=== Record excerpts ===
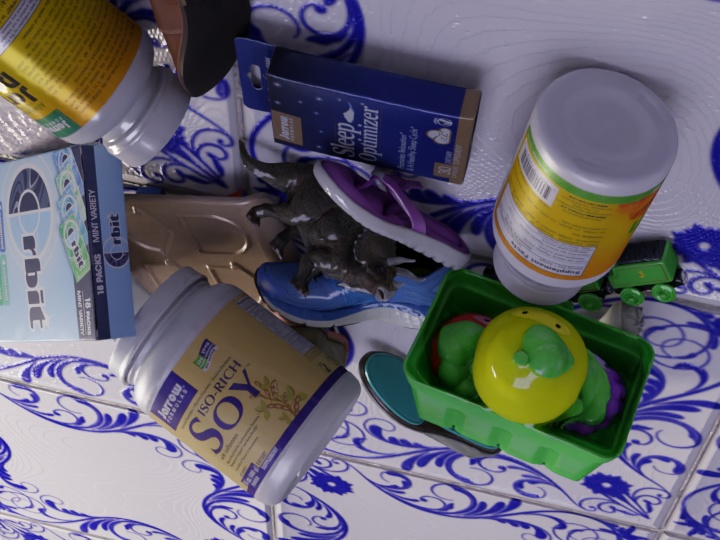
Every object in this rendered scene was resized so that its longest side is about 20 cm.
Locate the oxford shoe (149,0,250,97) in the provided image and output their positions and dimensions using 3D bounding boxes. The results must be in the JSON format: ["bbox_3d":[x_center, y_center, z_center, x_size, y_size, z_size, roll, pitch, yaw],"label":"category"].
[{"bbox_3d":[-0.132,-0.210,1.054,0.071,0.071,0.200,40,157,20],"label":"oxford shoe"}]

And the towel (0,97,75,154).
[{"bbox_3d":[-0.349,-0.153,1.247,0.199,0.035,0.133,-1,143,25],"label":"towel"}]

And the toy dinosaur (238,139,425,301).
[{"bbox_3d":[-0.034,-0.041,1.229,0.102,0.200,0.077,-35,166,4],"label":"toy dinosaur"}]

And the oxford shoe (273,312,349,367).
[{"bbox_3d":[-0.054,0.096,1.426,0.070,0.074,0.200,-5,163,11],"label":"oxford shoe"}]

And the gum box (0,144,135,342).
[{"bbox_3d":[-0.282,-0.020,1.267,0.044,0.171,0.200,-4,180,-40],"label":"gum box"}]

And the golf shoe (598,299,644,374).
[{"bbox_3d":[0.216,0.091,1.316,0.097,0.079,0.200,5,147,0],"label":"golf shoe"}]

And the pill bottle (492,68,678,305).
[{"bbox_3d":[0.167,-0.056,1.092,0.111,0.111,0.200,16,148,0],"label":"pill bottle"}]

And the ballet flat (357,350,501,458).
[{"bbox_3d":[0.068,0.153,1.500,0.200,0.068,0.064,30,152,-21],"label":"ballet flat"}]

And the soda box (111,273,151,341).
[{"bbox_3d":[-0.297,0.020,1.399,0.200,0.064,0.068,5,142,53],"label":"soda box"}]

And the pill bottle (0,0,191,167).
[{"bbox_3d":[-0.236,-0.171,1.094,0.200,0.113,0.113,36,143,-30],"label":"pill bottle"}]

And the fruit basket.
[{"bbox_3d":[0.145,0.078,1.182,0.215,0.156,0.216,18,143,14],"label":"fruit basket"}]

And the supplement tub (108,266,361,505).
[{"bbox_3d":[-0.116,0.103,1.271,0.200,0.146,0.146,36,148,6],"label":"supplement tub"}]

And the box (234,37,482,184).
[{"bbox_3d":[-0.006,-0.127,1.117,0.199,0.033,0.121,14,159,5],"label":"box"}]

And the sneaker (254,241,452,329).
[{"bbox_3d":[0.000,0.000,1.292,0.199,0.079,0.089,0,124,-1],"label":"sneaker"}]

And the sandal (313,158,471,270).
[{"bbox_3d":[0.033,-0.060,1.184,0.050,0.083,0.202,-49,141,13],"label":"sandal"}]

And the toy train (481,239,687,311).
[{"bbox_3d":[0.196,0.008,1.247,0.199,0.042,0.056,-8,131,33],"label":"toy train"}]

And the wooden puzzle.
[{"bbox_3d":[-0.156,-0.024,1.353,0.199,0.046,0.185,-1,145,18],"label":"wooden puzzle"}]
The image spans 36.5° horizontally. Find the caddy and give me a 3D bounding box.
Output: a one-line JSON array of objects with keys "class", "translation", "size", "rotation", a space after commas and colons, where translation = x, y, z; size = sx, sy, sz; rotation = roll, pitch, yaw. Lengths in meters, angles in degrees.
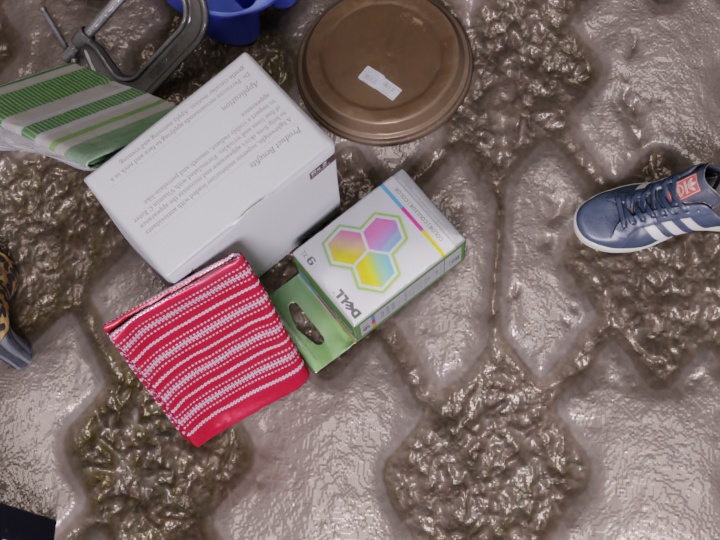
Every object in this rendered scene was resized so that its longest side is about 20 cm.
[{"class": "caddy", "translation": [-0.160, -0.352, 1.235], "size": [0.200, 0.105, 0.141], "rotation": [40, 78, 17]}]

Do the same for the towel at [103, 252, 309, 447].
[{"class": "towel", "translation": [-0.139, 0.081, 1.040], "size": [0.145, 0.200, 0.022], "rotation": [-29, 47, -5]}]

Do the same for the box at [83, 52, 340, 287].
[{"class": "box", "translation": [-0.135, -0.073, 1.079], "size": [0.199, 0.200, 0.131], "rotation": [-40, 78, -10]}]

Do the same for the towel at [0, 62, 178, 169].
[{"class": "towel", "translation": [-0.279, -0.156, 1.087], "size": [0.200, 0.023, 0.153], "rotation": [24, 36, 30]}]

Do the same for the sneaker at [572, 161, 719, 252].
[{"class": "sneaker", "translation": [0.316, -0.071, 1.103], "size": [0.200, 0.085, 0.075], "rotation": [-11, 70, 2]}]

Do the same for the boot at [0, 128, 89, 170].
[{"class": "boot", "translation": [-0.371, -0.171, 1.196], "size": [0.200, 0.096, 0.074], "rotation": [14, 72, 10]}]

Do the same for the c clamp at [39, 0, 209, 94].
[{"class": "c clamp", "translation": [-0.262, -0.278, 1.215], "size": [0.200, 0.027, 0.171], "rotation": [-33, 83, 27]}]

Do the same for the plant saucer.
[{"class": "plant saucer", "translation": [0.026, -0.234, 1.218], "size": [0.200, 0.029, 0.200], "rotation": [-1, 71, 4]}]

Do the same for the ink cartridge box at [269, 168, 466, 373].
[{"class": "ink cartridge box", "translation": [0.000, 0.000, 1.120], "size": [0.200, 0.059, 0.104], "rotation": [-37, 72, -8]}]

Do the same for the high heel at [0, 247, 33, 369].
[{"class": "high heel", "translation": [-0.402, 0.000, 1.113], "size": [0.071, 0.143, 0.200], "rotation": [-31, 71, -6]}]

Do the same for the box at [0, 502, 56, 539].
[{"class": "box", "translation": [-0.402, 0.263, 0.991], "size": [0.182, 0.200, 0.104], "rotation": [2, 71, 7]}]
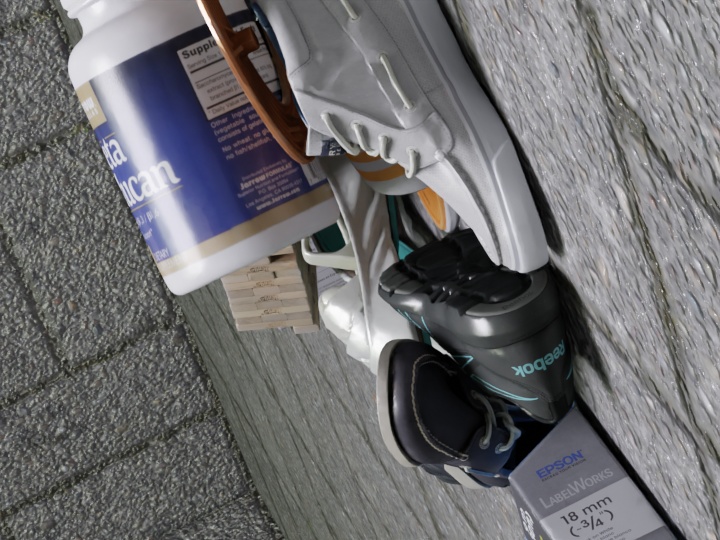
===
** What the task requires **
Each entry should be transcribed exactly as given, with pictures omitted.

** Solution **
Every object in this rendered scene was resized so that its longest side is about 20 cm.
Locate the oxford shoe (149,0,250,97) in the provided image and output their positions and dimensions using 3D bounding boxes. The results must be in the JSON format: ["bbox_3d":[x_center, y_center, z_center, x_size, y_size, z_size, roll, pitch, yaw],"label":"category"].
[{"bbox_3d":[-0.132,-0.210,1.054,0.071,0.071,0.200,40,157,20],"label":"oxford shoe"}]

And the towel (0,97,75,154).
[{"bbox_3d":[-0.349,-0.153,1.247,0.199,0.035,0.133,-1,143,25],"label":"towel"}]

And the toy dinosaur (238,139,425,301).
[{"bbox_3d":[-0.034,-0.041,1.229,0.102,0.200,0.077,-35,166,4],"label":"toy dinosaur"}]

And the oxford shoe (273,312,349,367).
[{"bbox_3d":[-0.054,0.096,1.426,0.070,0.074,0.200,-5,163,11],"label":"oxford shoe"}]

And the gum box (0,144,135,342).
[{"bbox_3d":[-0.282,-0.020,1.267,0.044,0.171,0.200,-4,180,-40],"label":"gum box"}]

And the golf shoe (598,299,644,374).
[{"bbox_3d":[0.216,0.091,1.316,0.097,0.079,0.200,5,147,0],"label":"golf shoe"}]

And the pill bottle (492,68,678,305).
[{"bbox_3d":[0.167,-0.056,1.092,0.111,0.111,0.200,16,148,0],"label":"pill bottle"}]

And the ballet flat (357,350,501,458).
[{"bbox_3d":[0.068,0.153,1.500,0.200,0.068,0.064,30,152,-21],"label":"ballet flat"}]

And the soda box (111,273,151,341).
[{"bbox_3d":[-0.297,0.020,1.399,0.200,0.064,0.068,5,142,53],"label":"soda box"}]

And the pill bottle (0,0,191,167).
[{"bbox_3d":[-0.236,-0.171,1.094,0.200,0.113,0.113,36,143,-30],"label":"pill bottle"}]

And the fruit basket.
[{"bbox_3d":[0.145,0.078,1.182,0.215,0.156,0.216,18,143,14],"label":"fruit basket"}]

And the supplement tub (108,266,361,505).
[{"bbox_3d":[-0.116,0.103,1.271,0.200,0.146,0.146,36,148,6],"label":"supplement tub"}]

And the box (234,37,482,184).
[{"bbox_3d":[-0.006,-0.127,1.117,0.199,0.033,0.121,14,159,5],"label":"box"}]

And the sneaker (254,241,452,329).
[{"bbox_3d":[0.000,0.000,1.292,0.199,0.079,0.089,0,124,-1],"label":"sneaker"}]

And the sandal (313,158,471,270).
[{"bbox_3d":[0.033,-0.060,1.184,0.050,0.083,0.202,-49,141,13],"label":"sandal"}]

And the toy train (481,239,687,311).
[{"bbox_3d":[0.196,0.008,1.247,0.199,0.042,0.056,-8,131,33],"label":"toy train"}]

And the wooden puzzle.
[{"bbox_3d":[-0.156,-0.024,1.353,0.199,0.046,0.185,-1,145,18],"label":"wooden puzzle"}]
The image spans 36.5° horizontally. Find the caddy and give me a 3D bounding box.
Output: a one-line JSON array of objects with keys "class", "translation", "size", "rotation", a space after commas and colons, where translation = x, y, z; size = sx, sy, sz; rotation = roll, pitch, yaw. Lengths in meters, angles in degrees.
Every object in this rendered scene was resized so that its longest side is about 20 cm.
[{"class": "caddy", "translation": [-0.160, -0.352, 1.235], "size": [0.200, 0.105, 0.141], "rotation": [40, 78, 17]}]

Do the same for the towel at [103, 252, 309, 447].
[{"class": "towel", "translation": [-0.139, 0.081, 1.040], "size": [0.145, 0.200, 0.022], "rotation": [-29, 47, -5]}]

Do the same for the box at [83, 52, 340, 287].
[{"class": "box", "translation": [-0.135, -0.073, 1.079], "size": [0.199, 0.200, 0.131], "rotation": [-40, 78, -10]}]

Do the same for the towel at [0, 62, 178, 169].
[{"class": "towel", "translation": [-0.279, -0.156, 1.087], "size": [0.200, 0.023, 0.153], "rotation": [24, 36, 30]}]

Do the same for the sneaker at [572, 161, 719, 252].
[{"class": "sneaker", "translation": [0.316, -0.071, 1.103], "size": [0.200, 0.085, 0.075], "rotation": [-11, 70, 2]}]

Do the same for the boot at [0, 128, 89, 170].
[{"class": "boot", "translation": [-0.371, -0.171, 1.196], "size": [0.200, 0.096, 0.074], "rotation": [14, 72, 10]}]

Do the same for the c clamp at [39, 0, 209, 94].
[{"class": "c clamp", "translation": [-0.262, -0.278, 1.215], "size": [0.200, 0.027, 0.171], "rotation": [-33, 83, 27]}]

Do the same for the plant saucer.
[{"class": "plant saucer", "translation": [0.026, -0.234, 1.218], "size": [0.200, 0.029, 0.200], "rotation": [-1, 71, 4]}]

Do the same for the ink cartridge box at [269, 168, 466, 373].
[{"class": "ink cartridge box", "translation": [0.000, 0.000, 1.120], "size": [0.200, 0.059, 0.104], "rotation": [-37, 72, -8]}]

Do the same for the high heel at [0, 247, 33, 369].
[{"class": "high heel", "translation": [-0.402, 0.000, 1.113], "size": [0.071, 0.143, 0.200], "rotation": [-31, 71, -6]}]

Do the same for the box at [0, 502, 56, 539].
[{"class": "box", "translation": [-0.402, 0.263, 0.991], "size": [0.182, 0.200, 0.104], "rotation": [2, 71, 7]}]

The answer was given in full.